Get unique words, using just a list to keep track of observed words.

Cancelled after running it for 1 hour!

In [11]:
%%time

seen_list = list()
for word in yield_words():
    if word not in seen_list:
        seen_list.append(word)

KeyboardInterrupt: 

## Ahrithmetic, and other `set` manipulation


![](./python_sets.png)

In [24]:
s = {1, 2, 3, 4}
t = {1, 3, 5, 5, 5, 5, 5, 5}
print(f"{s=}", f"{t=}", sep='\n') 

s={1, 2, 3, 4}
t={1, 3, 5}


In [25]:
# Set difference...
assert s.difference(t) == s - t
s - t == {2, 4} == {4, 2} 

True

In [26]:
# ... is NOT symmetric
assert s - t != t - s
t - s

{5}

In [27]:
# Set union
assert s.union(t) == s | t
s | t

{1, 2, 3, 4, 5}

In [28]:
# Set symmetric difference (elements unique to either set)
assert s.symmetric_difference(t) == s ^ t
s ^ t

{2, 4, 5}

In [29]:
# Set intersection (elements in both sets)
assert s.intersection(t) == s & t
s & t

{1, 3}

In [30]:
# Set disjoint (check for no members in common)
assert len({'a', 'b'} & {'c', 'd'}) == 0
{'a', 'b'}.isdisjoint({'c', 'd'})

True

In [31]:
# subset, superset and equality
a, b1, b2 = {1, 2}, {1, 2, 3, 4}, {4, 2, 1, 3} 

a.issubset(b1) 
a < b1 

True

In [32]:
b2.issuperset(a)
b2 > a

True

In [33]:
b1 > b2

False

In [34]:
b1 <= b2

True

In [35]:
b1 == b2

True

### Adding and removing from sets

In [36]:
from copy import copy
s1, t1 = copy(s), copy(t)

# Adding members
s1.add('some new element')
s1

{1, 2, 3, 4, 'some new element'}

In [37]:
# Removing members
s1.remove('some new element')
s1

{1, 2, 3, 4}

In [38]:
# Remove member, but no complaining if it's not in the set
s1.discard(42)
s1

{1, 2, 3, 4}

In [39]:
# We can also pop a random member

for _ in range(len(s1)+1):
    print(s1.pop()) 

1
2
3
4


KeyError: 'pop from an empty set'

### Inplace operations

In [40]:
s1, t1 = copy(s), copy(t)
s2, t2 = copy(s), copy(t)

# inplace operation
s1.update(t1) 
s2 |= t2

s2

{1, 2, 3, 4, 5}

In [41]:
s1, t1 = copy(s), copy(t)
s2, t2 = copy(s), copy(t)

s1.intersection_update(t1)  # or (t1, t2, t3, t4, ...)
s1 &= t2 
s1

{1, 3}

In [42]:
s1, t1 = copy(s), copy(t)
s2, t2 = copy(s), copy(t)

s1.difference_update(t1)  # or (t1, t2, t3, t4, ...)
s1 -= t2 
s1

{2, 4}

In [43]:
s1, t1 = copy(s), copy(t)
s2, t2 = copy(s), copy(t)

s1.symmetric_difference_update(t1)
s1 ^= t2
s1

{1, 2, 3, 4}

## How are `set`s related to `dict`s?

* Both are based on [hashtables](https://runestone.academy/runestone/books/published/pythonds/SortSearch/Hashing.html)
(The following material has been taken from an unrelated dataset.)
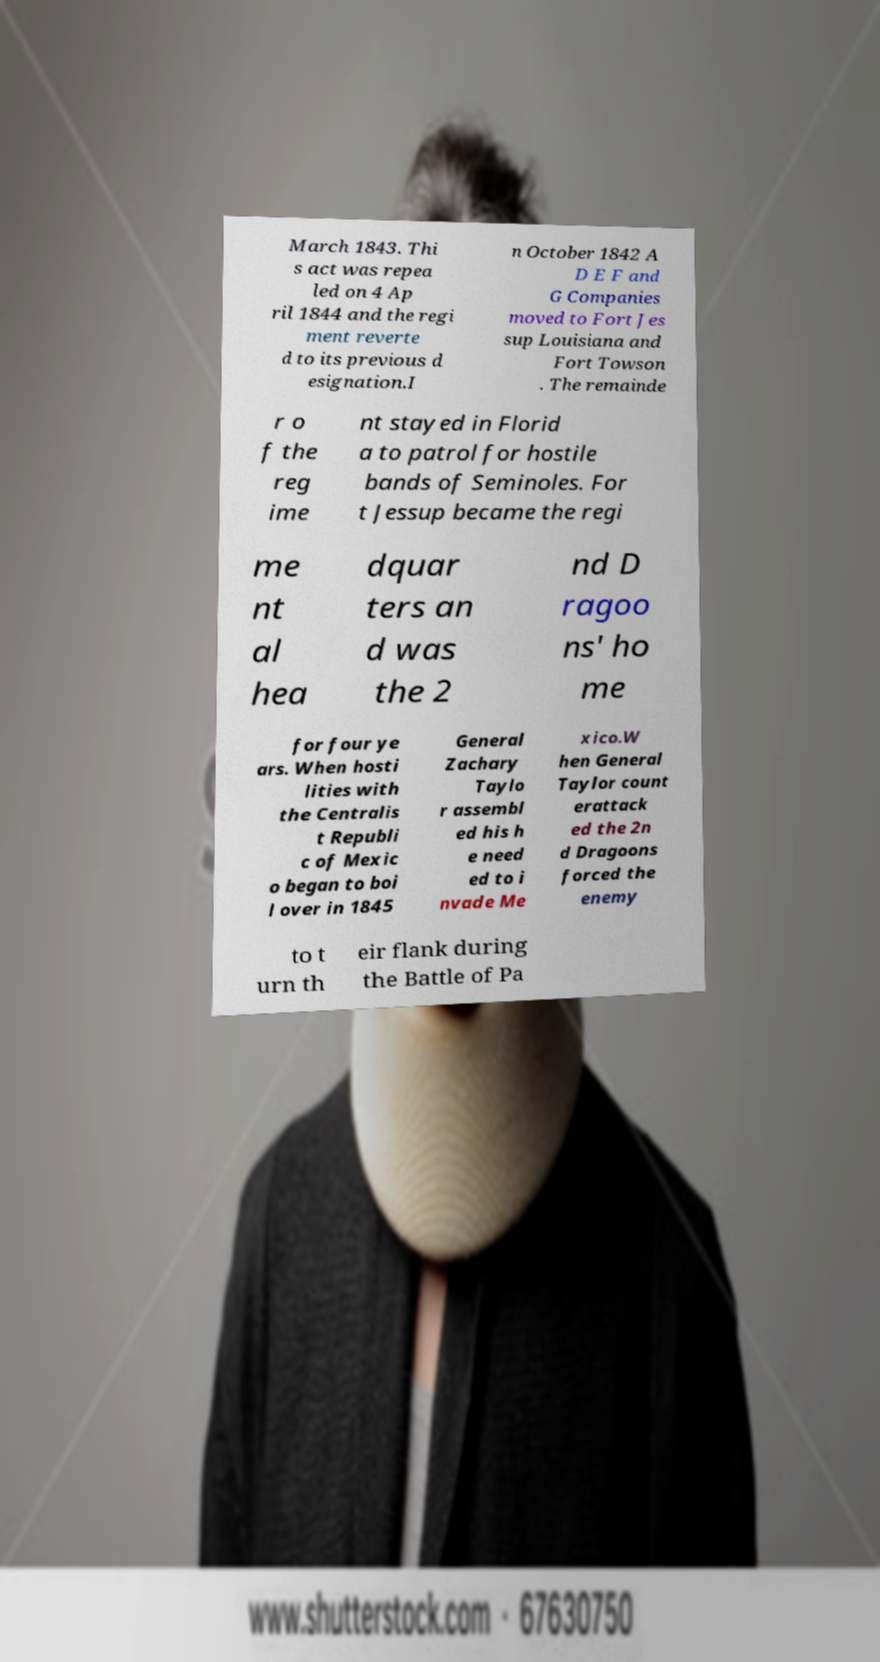I need the written content from this picture converted into text. Can you do that? March 1843. Thi s act was repea led on 4 Ap ril 1844 and the regi ment reverte d to its previous d esignation.I n October 1842 A D E F and G Companies moved to Fort Jes sup Louisiana and Fort Towson . The remainde r o f the reg ime nt stayed in Florid a to patrol for hostile bands of Seminoles. For t Jessup became the regi me nt al hea dquar ters an d was the 2 nd D ragoo ns' ho me for four ye ars. When hosti lities with the Centralis t Republi c of Mexic o began to boi l over in 1845 General Zachary Taylo r assembl ed his h e need ed to i nvade Me xico.W hen General Taylor count erattack ed the 2n d Dragoons forced the enemy to t urn th eir flank during the Battle of Pa

* Some of the set-ahritmetic will also work in dict keys in Python 3.9

* Dict are mostly sets with associated values
    - Though dicts mostly retain order, whereas sets are unordered
    - The CPython implementation is different

## The `collections`-module

### Dict-like features that you're likely to need

Let's make a `dict` mapping a person by name to all friends (`Dict[str: Set[str]]`)

In [44]:
import collections

donald_friends = collections.defaultdict(set)

donald_friends['Donald Duck'].add('Mogens')
donald_friends['Donald Duck'].add('Darkwind Duck')

donald_friends

defaultdict(set, {'Donald Duck': {'Darkwind Duck', 'Mogens'}})

Let's count the number of occurences of words in the Gutenberg books

In [45]:
%%time
cnt = collections.Counter(yield_words())
cnt.most_common(15)

Wall time: 1.76 s


[('the', 222850),
 ('of', 130009),
 ('and', 117380),
 ('to', 91597),
 ('a', 79994),
 ('in', 63597),
 ('I', 39431),
 ('was', 36433),
 ('that', 35202),
 ('with', 32052),
 ('is', 28822),
 ('his', 27652),
 ('he', 26003),
 ('as', 24237),
 ('for', 23864)]

## _Questions?_

![](./python_sets.png)